A special case of the question is, given an algebraic category
that is coextensive, which varieties in it are also ? (Here I take
"variety" in the  original Birkhoff spirit, i.e., a full subcategory 
that is also algebraic for the special reason that it is defined
 by a quotient theory and is thus closed wrt subalgebras, which
a general full reflective algebraic subcategory would not be).
A sufficient condition is that the inclusion functor is also
COREFLECTIVE. Call these "core varieties".

Proposition : A core variety in a coextensive algebraic category
is also coextensive in  its own right.

Hence any core variety is a candidate to serve as the algebras
for an algebraic geometry. (Extensivity was the only distinctive
feature of rings mentioned in Gaeta's notes on Grothendieck's
Buffalo Lectures 1973, and indeed you can verify that the basic 
construction of a corresponding topos of spaces works, in 
particular that the algebras become algebras of functions on these).

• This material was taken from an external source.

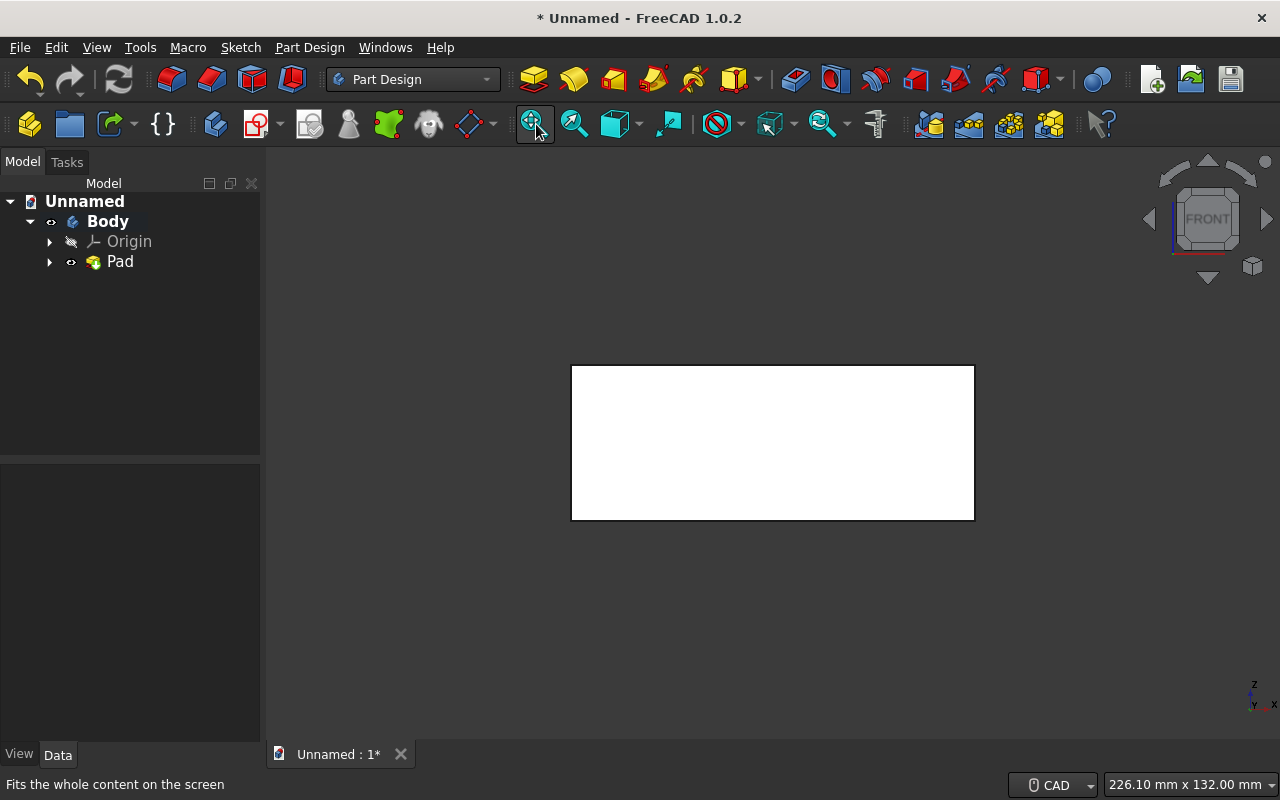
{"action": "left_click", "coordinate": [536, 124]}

For single-sorted theories, a core variety is defined by the 
imposition of further identities in one variable having the rare
property that the elements satisfying them form a subalgebra.
For example ( )^p=id in algebras of characteristic p.

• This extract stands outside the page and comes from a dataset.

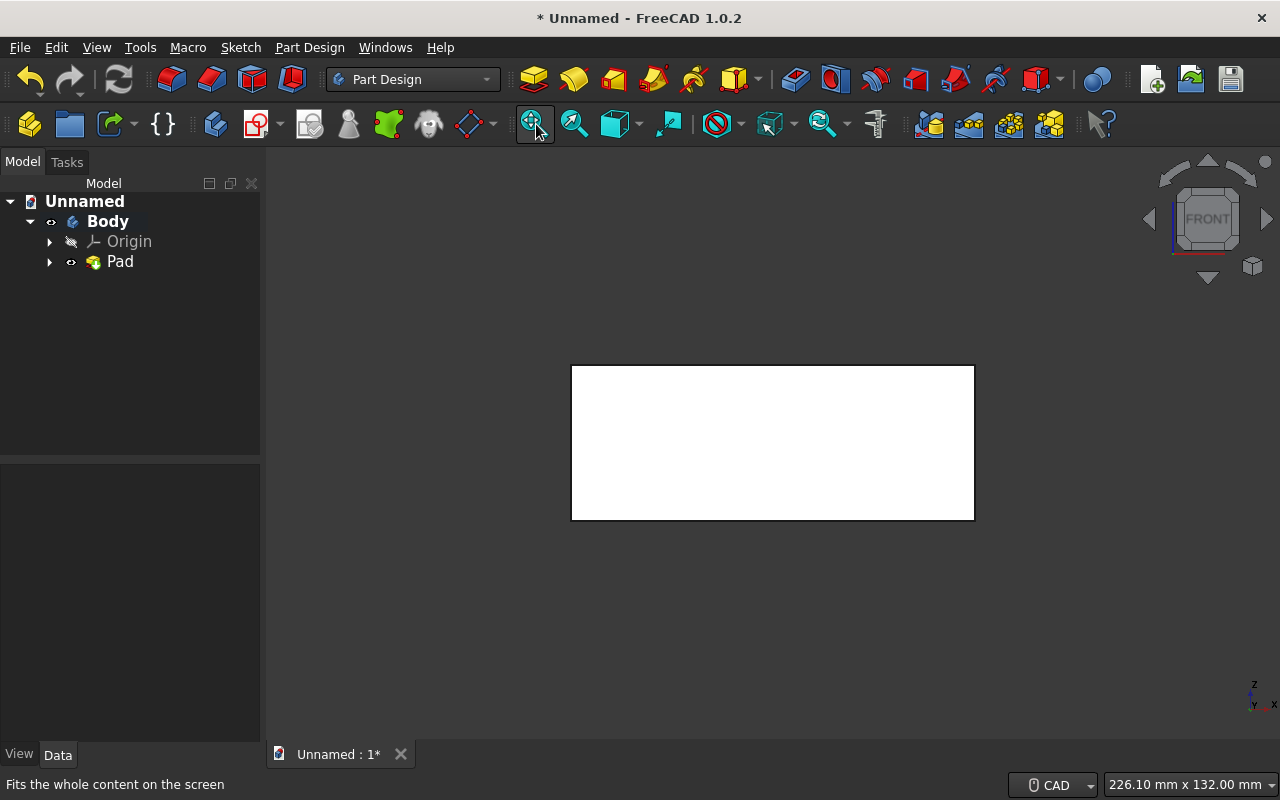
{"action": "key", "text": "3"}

Already for K=2, there are nontrivial core varieties in K-rigs.
The best known is the category of distributive lattices, the
corresponding topos of spaces being generated by the category of
finite posets. The core of any 2-rig is the DL defined by two equations, 
one of which is idempotence of the multiplication. But the other
 equation, taken alone, defines a larger core variety whose
spaces look like intervals, cubes,etc ; it is intimately related
to a less systematic subject burdened with the odd name "tropical".

Bill



On Fri Oct 12  9:53 , Paul Taylor  sent:

>Vaughan Pratt's original enquiry was actually in the context of
>graph theory (as I suspected at the time, and he subsequently
>confirmed), but I would like to add something from the point of
>view of constructive real analysis.
>
>First, though, I would like to underline something that Steve Lack
>(almost) said, namely that the category in which you index your
>components, and therefore also the one in which you define
>connectedness, need to be EXTENSIVE, ie their coproducts should
>be disjoint, and stable under pullback, and the initial object strict.
>
>Maybe we've over-done philology recently, but "component" means
>"putting together", where we expect the parts to cover the whole
>(coproduct), without overlapping (disjoint), to be distinguishable
>(like disjoint union, but unlike addition and disjunction).
>The modern notion of extensivity, in which Steve had a part,
>captures this idea very neatly.   The equivalence between definitions
>of connectedness based on 1+1 and on X+Y surely depends on stability
>under pullback, and the requirement that the choice between left
>and right be unique surely requires disjointness.   Maybe a close
>study of Marta Bunga's work on abstract connectedness would clarify
>this.
>
>Vaughan originally asked about various categories of algebras,
>and Steve mentioned commutative rings, but quietly turned their
>arrows around.   Stone duality would suggest to me that one should
>look for connectedness of algebras in their OPPOSITE category of
>"spaces", which I understand in a generic sense that includes
>sets, graphs, predomains, locales and affive varieties.
>

...